### Working data
- - - - - - -

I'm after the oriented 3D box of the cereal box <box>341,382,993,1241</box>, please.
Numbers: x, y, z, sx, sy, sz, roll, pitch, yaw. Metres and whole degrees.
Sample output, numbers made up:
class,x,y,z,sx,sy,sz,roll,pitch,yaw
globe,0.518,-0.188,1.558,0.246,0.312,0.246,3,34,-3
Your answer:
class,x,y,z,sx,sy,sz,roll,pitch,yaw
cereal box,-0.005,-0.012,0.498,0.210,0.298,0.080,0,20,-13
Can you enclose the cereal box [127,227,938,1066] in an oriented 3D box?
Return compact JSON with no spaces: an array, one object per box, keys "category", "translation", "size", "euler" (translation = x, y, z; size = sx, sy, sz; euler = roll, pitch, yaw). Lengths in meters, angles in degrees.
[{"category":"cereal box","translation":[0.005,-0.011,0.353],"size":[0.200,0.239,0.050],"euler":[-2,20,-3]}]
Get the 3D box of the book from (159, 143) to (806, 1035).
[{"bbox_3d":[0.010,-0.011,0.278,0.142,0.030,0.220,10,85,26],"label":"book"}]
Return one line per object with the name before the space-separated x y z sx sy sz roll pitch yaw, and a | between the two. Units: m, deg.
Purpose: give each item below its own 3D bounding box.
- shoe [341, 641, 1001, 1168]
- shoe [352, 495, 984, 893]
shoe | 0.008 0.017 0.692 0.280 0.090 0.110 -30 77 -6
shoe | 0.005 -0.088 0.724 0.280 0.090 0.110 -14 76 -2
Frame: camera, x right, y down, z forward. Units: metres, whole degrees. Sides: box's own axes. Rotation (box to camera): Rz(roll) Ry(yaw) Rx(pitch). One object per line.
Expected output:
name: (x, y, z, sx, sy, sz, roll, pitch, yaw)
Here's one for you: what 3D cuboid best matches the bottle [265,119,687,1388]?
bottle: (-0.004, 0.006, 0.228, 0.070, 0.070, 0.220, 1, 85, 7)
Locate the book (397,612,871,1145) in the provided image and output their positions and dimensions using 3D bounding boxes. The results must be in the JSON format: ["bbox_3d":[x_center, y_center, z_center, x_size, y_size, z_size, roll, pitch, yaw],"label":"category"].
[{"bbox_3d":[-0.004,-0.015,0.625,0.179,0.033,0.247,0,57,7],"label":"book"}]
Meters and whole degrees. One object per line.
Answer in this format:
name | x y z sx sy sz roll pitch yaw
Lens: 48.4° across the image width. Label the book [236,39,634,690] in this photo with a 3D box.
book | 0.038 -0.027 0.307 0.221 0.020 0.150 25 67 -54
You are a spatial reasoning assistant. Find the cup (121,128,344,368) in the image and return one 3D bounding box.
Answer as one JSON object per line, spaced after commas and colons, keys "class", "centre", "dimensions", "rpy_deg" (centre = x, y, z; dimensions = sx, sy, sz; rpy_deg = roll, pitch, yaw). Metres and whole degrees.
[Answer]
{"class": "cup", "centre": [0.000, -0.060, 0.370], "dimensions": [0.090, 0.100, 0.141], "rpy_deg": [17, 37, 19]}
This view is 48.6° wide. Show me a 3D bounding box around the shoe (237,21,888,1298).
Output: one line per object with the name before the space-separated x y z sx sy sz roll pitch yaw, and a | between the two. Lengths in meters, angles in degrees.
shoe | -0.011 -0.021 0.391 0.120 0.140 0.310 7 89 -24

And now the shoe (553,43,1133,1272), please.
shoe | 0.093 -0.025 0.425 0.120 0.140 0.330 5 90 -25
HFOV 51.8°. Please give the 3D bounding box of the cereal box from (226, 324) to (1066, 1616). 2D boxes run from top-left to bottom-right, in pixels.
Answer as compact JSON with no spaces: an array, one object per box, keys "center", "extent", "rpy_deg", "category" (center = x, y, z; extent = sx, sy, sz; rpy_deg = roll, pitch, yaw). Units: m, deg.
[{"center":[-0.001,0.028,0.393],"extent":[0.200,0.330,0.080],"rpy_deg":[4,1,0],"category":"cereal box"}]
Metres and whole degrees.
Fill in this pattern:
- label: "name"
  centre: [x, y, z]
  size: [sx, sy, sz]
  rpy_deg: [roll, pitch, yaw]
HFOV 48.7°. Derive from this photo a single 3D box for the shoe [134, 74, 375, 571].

- - - - - - -

### Exercise directions
An identical copy of the entries above is the expected result.

### Exercise result
I'm after the oriented 3D box of the cereal box <box>341,382,993,1241</box>, please.
Numbers: x, y, z, sx, sy, sz, roll, pitch, yaw. Metres and whole degrees.
Sample output, numbers made up:
class,x,y,z,sx,sy,sz,roll,pitch,yaw
globe,0.518,-0.188,1.558,0.246,0.312,0.246,3,34,-3
Your answer:
class,x,y,z,sx,sy,sz,roll,pitch,yaw
cereal box,-0.005,-0.012,0.498,0.210,0.298,0.080,0,20,-13
Can you enclose the cereal box [127,227,938,1066] in an oriented 3D box?
Return compact JSON with no spaces: an array, one object per box, keys "category", "translation", "size", "euler" (translation = x, y, z; size = sx, sy, sz; euler = roll, pitch, yaw). Lengths in meters, angles in degrees.
[{"category":"cereal box","translation":[0.005,-0.011,0.353],"size":[0.200,0.239,0.050],"euler":[-2,20,-3]}]
Get the 3D box of the book from (159, 143) to (806, 1035).
[{"bbox_3d":[0.010,-0.011,0.278,0.142,0.030,0.220,10,85,26],"label":"book"}]
Return one line per object with the name before the space-separated x y z sx sy sz roll pitch yaw, and a | between the two. Units: m, deg.
Purpose: give each item below its own 3D bounding box.
- shoe [341, 641, 1001, 1168]
- shoe [352, 495, 984, 893]
shoe | 0.008 0.017 0.692 0.280 0.090 0.110 -30 77 -6
shoe | 0.005 -0.088 0.724 0.280 0.090 0.110 -14 76 -2
Frame: camera, x right, y down, z forward. Units: metres, whole degrees. Sides: box's own axes. Rotation (box to camera): Rz(roll) Ry(yaw) Rx(pitch). One object per line.
Expected output:
name: (x, y, z, sx, sy, sz, roll, pitch, yaw)
Here's one for you: what 3D cuboid best matches the bottle [265,119,687,1388]?
bottle: (-0.004, 0.006, 0.228, 0.070, 0.070, 0.220, 1, 85, 7)
Locate the book (397,612,871,1145) in the provided image and output their positions and dimensions using 3D bounding boxes. The results must be in the JSON format: ["bbox_3d":[x_center, y_center, z_center, x_size, y_size, z_size, roll, pitch, yaw],"label":"category"].
[{"bbox_3d":[-0.004,-0.015,0.625,0.179,0.033,0.247,0,57,7],"label":"book"}]
Meters and whole degrees. One object per line.
Answer in this format:
name | x y z sx sy sz roll pitch yaw
Lens: 48.4° across the image width. Label the book [236,39,634,690] in this photo with a 3D box.
book | 0.038 -0.027 0.307 0.221 0.020 0.150 25 67 -54
You are a spatial reasoning assistant. Find the cup (121,128,344,368) in the image and return one 3D bounding box.
Answer as one JSON object per line, spaced after commas and colons, keys "class", "centre", "dimensions", "rpy_deg" (centre = x, y, z; dimensions = sx, sy, sz; rpy_deg = roll, pitch, yaw). Metres and whole degrees.
[Answer]
{"class": "cup", "centre": [0.000, -0.060, 0.370], "dimensions": [0.090, 0.100, 0.141], "rpy_deg": [17, 37, 19]}
This view is 48.6° wide. Show me a 3D bounding box around the shoe (237,21,888,1298).
Output: one line per object with the name before the space-separated x y z sx sy sz roll pitch yaw, and a | between the two. Lengths in meters, angles in degrees.
shoe | -0.011 -0.021 0.391 0.120 0.140 0.310 7 89 -24

And now the shoe (553,43,1133,1272), please.
shoe | 0.093 -0.025 0.425 0.120 0.140 0.330 5 90 -25
HFOV 51.8°. Please give the 3D bounding box of the cereal box from (226, 324) to (1066, 1616). 2D boxes run from top-left to bottom-right, in pixels.
Answer as compact JSON with no spaces: an array, one object per box, keys "center", "extent", "rpy_deg", "category" (center = x, y, z; extent = sx, sy, sz; rpy_deg = roll, pitch, yaw). Units: m, deg.
[{"center":[-0.001,0.028,0.393],"extent":[0.200,0.330,0.080],"rpy_deg":[4,1,0],"category":"cereal box"}]
Metres and whole degrees.
Fill in this pattern:
- label: "name"
  centre: [x, y, z]
  size: [sx, sy, sz]
  rpy_deg: [roll, pitch, yaw]
HFOV 48.7°. Derive from this photo a single 3D box for the shoe [134, 74, 375, 571].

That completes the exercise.